Take each line in the entries below that holds "address" and show it.
-------
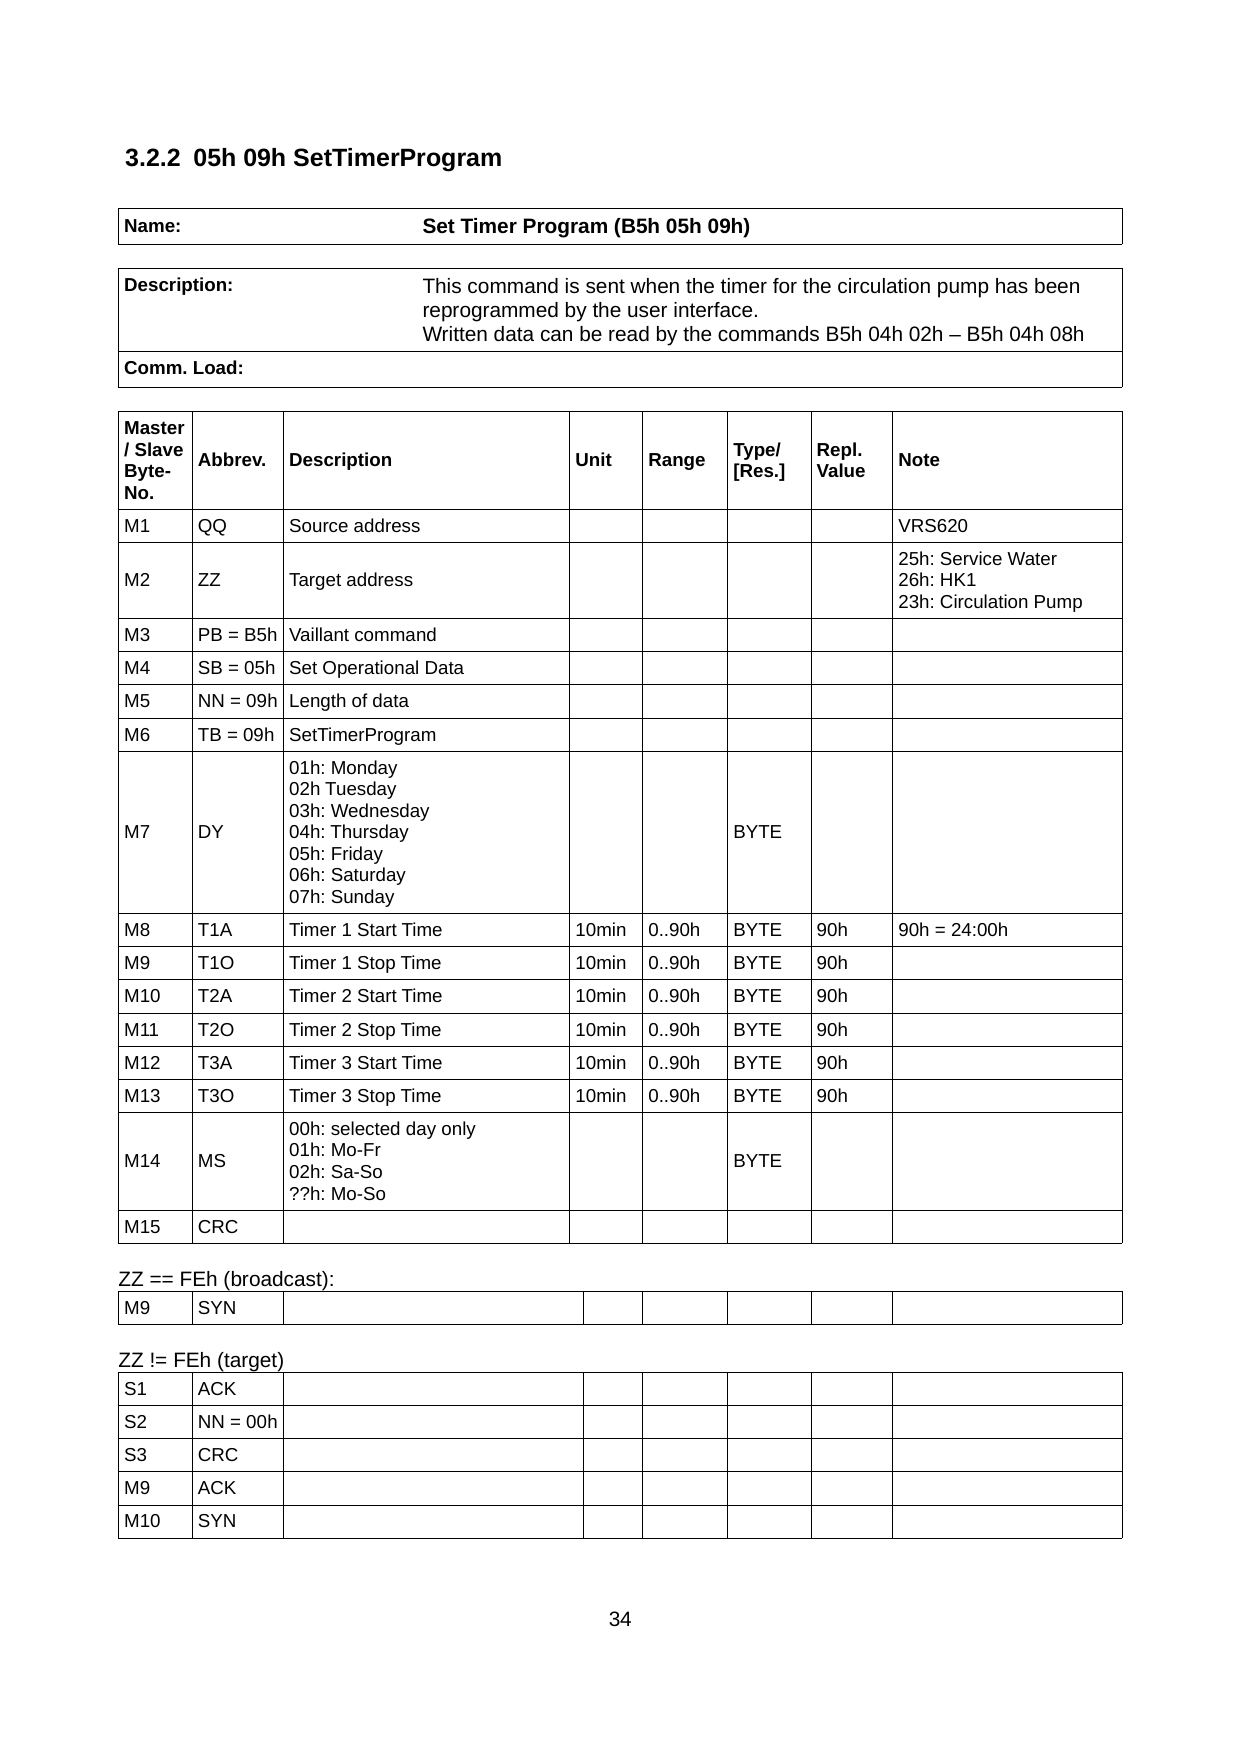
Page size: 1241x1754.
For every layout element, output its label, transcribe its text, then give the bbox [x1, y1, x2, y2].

table_cell [643, 685, 727, 717]
table_cell [643, 1113, 727, 1210]
table_cell Set Operational Data [284, 652, 569, 684]
table_cell M9 [119, 947, 192, 979]
table_header [728, 1292, 811, 1324]
table_cell Source address [284, 510, 569, 542]
table_cell 00h: selected day only 01h: Mo-Fr 02h: Sa-So ??h: Mo-So [284, 1113, 569, 1210]
table_header Note [893, 412, 1122, 509]
table_cell BYTE [728, 1080, 811, 1112]
table_cell [584, 1439, 642, 1471]
table_header Range [643, 412, 727, 509]
table_cell [893, 1211, 1122, 1243]
table_cell QQ [193, 510, 283, 542]
table_header [812, 1373, 892, 1405]
table_cell [812, 752, 892, 913]
table_header Repl. Value [812, 412, 892, 509]
table_cell 10min [570, 1014, 642, 1046]
table_cell Timer 3 Stop Time [284, 1080, 569, 1112]
table_cell [570, 652, 642, 684]
table_cell [570, 1113, 642, 1210]
table_cell [893, 1406, 1122, 1438]
table_cell [893, 1439, 1122, 1471]
table_cell BYTE [728, 1113, 811, 1210]
table_cell [812, 685, 892, 717]
table_cell [893, 619, 1122, 651]
table_cell [643, 1506, 727, 1538]
table_cell [812, 719, 892, 751]
table_cell [284, 1406, 583, 1438]
table_cell [284, 1439, 583, 1471]
table_cell [728, 510, 811, 542]
subtitle 05h 09h SetTimerProgram [118, 143, 1122, 172]
table_cell M11 [119, 1014, 192, 1046]
table_cell MS [193, 1113, 283, 1210]
table_cell [893, 1014, 1122, 1046]
table_header [584, 1292, 642, 1324]
table_cell 0..90h [643, 980, 727, 1012]
table_cell [728, 685, 811, 717]
table_cell M15 [119, 1211, 192, 1243]
table_cell M7 [119, 752, 192, 913]
table_cell [812, 1406, 892, 1438]
table_cell [728, 1472, 811, 1504]
table_cell NN = 09h [193, 685, 283, 717]
table_cell [812, 1472, 892, 1504]
table_cell [728, 1211, 811, 1243]
table_cell T2A [193, 980, 283, 1012]
table_header S1 [119, 1373, 192, 1405]
table_cell M6 [119, 719, 192, 751]
table_cell [570, 1211, 642, 1243]
table_cell [728, 652, 811, 684]
table_cell 90h [812, 947, 892, 979]
table_header [643, 1292, 727, 1324]
table_header [893, 1373, 1122, 1405]
table_header SYN [193, 1292, 283, 1324]
table_cell Timer 1 Stop Time [284, 947, 569, 979]
table_cell [812, 1439, 892, 1471]
table_cell [812, 652, 892, 684]
table_cell [643, 1439, 727, 1471]
table_cell Timer 2 Stop Time [284, 1014, 569, 1046]
table_cell [812, 1506, 892, 1538]
table_cell 90h [812, 1014, 892, 1046]
table_cell M10 [119, 980, 192, 1012]
table_cell T3A [193, 1047, 283, 1079]
table_header Description: [119, 269, 416, 351]
table_cell [584, 1406, 642, 1438]
table_cell VRS620 [893, 510, 1122, 542]
table_cell 25h: Service Water 26h: HK1 23h: Circulation Pump [893, 543, 1122, 618]
table_cell [416, 352, 1122, 387]
table_cell M13 [119, 1080, 192, 1112]
table_cell [728, 619, 811, 651]
table_cell PB = B5h [193, 619, 283, 651]
table_cell [643, 652, 727, 684]
table_cell [893, 719, 1122, 751]
table_cell S2 [119, 1406, 192, 1438]
table_cell [812, 1211, 892, 1243]
table_header Abbrev. [193, 412, 283, 509]
table_cell 90h [812, 1080, 892, 1112]
table_cell [812, 1113, 892, 1210]
table_header M9 [119, 1292, 192, 1324]
table_cell [643, 1472, 727, 1504]
table_cell CRC [193, 1211, 283, 1243]
table_cell [584, 1472, 642, 1504]
table_cell Comm. Load: [119, 352, 416, 387]
table_cell M2 [119, 543, 192, 618]
table_cell [893, 752, 1122, 913]
table_cell [643, 1406, 727, 1438]
table_cell [728, 1439, 811, 1471]
table_cell [893, 947, 1122, 979]
table_cell CRC [193, 1439, 283, 1471]
table_cell [570, 543, 642, 618]
table_cell 10min [570, 947, 642, 979]
table_cell [570, 619, 642, 651]
table_cell SetTimerProgram [284, 719, 569, 751]
table_header [584, 1373, 642, 1405]
table_header [643, 1373, 727, 1405]
table_cell [584, 1506, 642, 1538]
table_cell [728, 1406, 811, 1438]
table_cell S3 [119, 1439, 192, 1471]
table_cell [570, 510, 642, 542]
table_cell 0..90h [643, 1014, 727, 1046]
table_cell BYTE [728, 980, 811, 1012]
table_cell [893, 652, 1122, 684]
table_header [284, 1292, 583, 1324]
table_cell [728, 543, 811, 618]
table_cell Timer 3 Start Time [284, 1047, 569, 1079]
table_cell [643, 510, 727, 542]
table_cell [284, 1211, 569, 1243]
table_cell [893, 685, 1122, 717]
table_cell Length of data [284, 685, 569, 717]
table_header [284, 1373, 583, 1405]
table_cell T1O [193, 947, 283, 979]
table_cell [570, 752, 642, 913]
table_cell [812, 543, 892, 618]
table_cell M10 [119, 1506, 192, 1538]
table_cell 10min [570, 914, 642, 946]
table_cell Timer 2 Start Time [284, 980, 569, 1012]
table_cell 0..90h [643, 947, 727, 979]
table_cell 90h [812, 980, 892, 1012]
table_header Description [284, 412, 569, 509]
table_cell [893, 1047, 1122, 1079]
table_cell [643, 719, 727, 751]
table_cell M3 [119, 619, 192, 651]
table_cell BYTE [728, 1014, 811, 1046]
table_cell [893, 980, 1122, 1012]
table_cell T1A [193, 914, 283, 946]
table_cell 01h: Monday 02h Tuesday 03h: Wednesday 04h: Thursday 05h: Friday 06h: Saturday 07h: Sunday [284, 752, 569, 913]
table_cell [284, 1472, 583, 1504]
table_cell [893, 1080, 1122, 1112]
table_cell [570, 685, 642, 717]
table_cell 10min [570, 1047, 642, 1079]
table_cell TB = 09h [193, 719, 283, 751]
table_cell NN = 00h [193, 1406, 283, 1438]
table_cell M1 [119, 510, 192, 542]
table_header ACK [193, 1373, 283, 1405]
table_cell T2O [193, 1014, 283, 1046]
table_cell M5 [119, 685, 192, 717]
table_cell [728, 1506, 811, 1538]
table_cell BYTE [728, 1047, 811, 1079]
table_cell [728, 719, 811, 751]
table_cell [893, 1113, 1122, 1210]
table_header Name: [119, 209, 416, 244]
table_header Set Timer Program (B5h 05h 09h) [416, 209, 1122, 244]
table_cell [570, 719, 642, 751]
table_cell [812, 510, 892, 542]
table_cell M14 [119, 1113, 192, 1210]
table_cell [643, 752, 727, 913]
table_cell Vaillant command [284, 619, 569, 651]
table_header [728, 1373, 811, 1405]
table_cell M12 [119, 1047, 192, 1079]
table_header This command is sent when the timer for the circulation pump has been reprogrammed by the user interface. Written data can be read by the commands B5h 04h 02h – B5h 04h 08h [416, 269, 1122, 351]
table_cell 10min [570, 1080, 642, 1112]
table_cell BYTE [728, 947, 811, 979]
table_cell [643, 1211, 727, 1243]
table_cell [284, 1506, 583, 1538]
table_cell Target address [284, 543, 569, 618]
table_cell T3O [193, 1080, 283, 1112]
table_header [812, 1292, 892, 1324]
table_cell [643, 543, 727, 618]
table_cell [893, 1472, 1122, 1504]
table_cell ACK [193, 1472, 283, 1504]
table_header Master/ Slave Byte-No. [119, 412, 192, 509]
table_cell BYTE [728, 752, 811, 913]
table_cell 0..90h [643, 914, 727, 946]
table_header Type/ [Res.] [728, 412, 811, 509]
table_cell SB = 05h [193, 652, 283, 684]
table_cell [643, 619, 727, 651]
table_cell M8 [119, 914, 192, 946]
table_cell 90h [812, 914, 892, 946]
table_cell M9 [119, 1472, 192, 1504]
table_cell DY [193, 752, 283, 913]
table_cell 10min [570, 980, 642, 1012]
table_cell BYTE [728, 914, 811, 946]
table_cell 0..90h [643, 1047, 727, 1079]
table_header Unit [570, 412, 642, 509]
text ZZ == FEh (broadcast): [118, 1267, 1122, 1291]
table_cell 90h [812, 1047, 892, 1079]
table_cell [812, 619, 892, 651]
table_header [893, 1292, 1122, 1324]
table_cell [893, 1506, 1122, 1538]
table_cell 0..90h [643, 1080, 727, 1112]
table_cell 90h = 24:00h [893, 914, 1122, 946]
table_cell SYN [193, 1506, 283, 1538]
table_cell M4 [119, 652, 192, 684]
text ZZ != FEh (target) [118, 1348, 1122, 1372]
table_cell ZZ [193, 543, 283, 618]
table_cell Timer 1 Start Time [284, 914, 569, 946]
-------
Exercise answer =
table_cell Source address [284, 510, 569, 542]
table_cell Target address [284, 543, 569, 618]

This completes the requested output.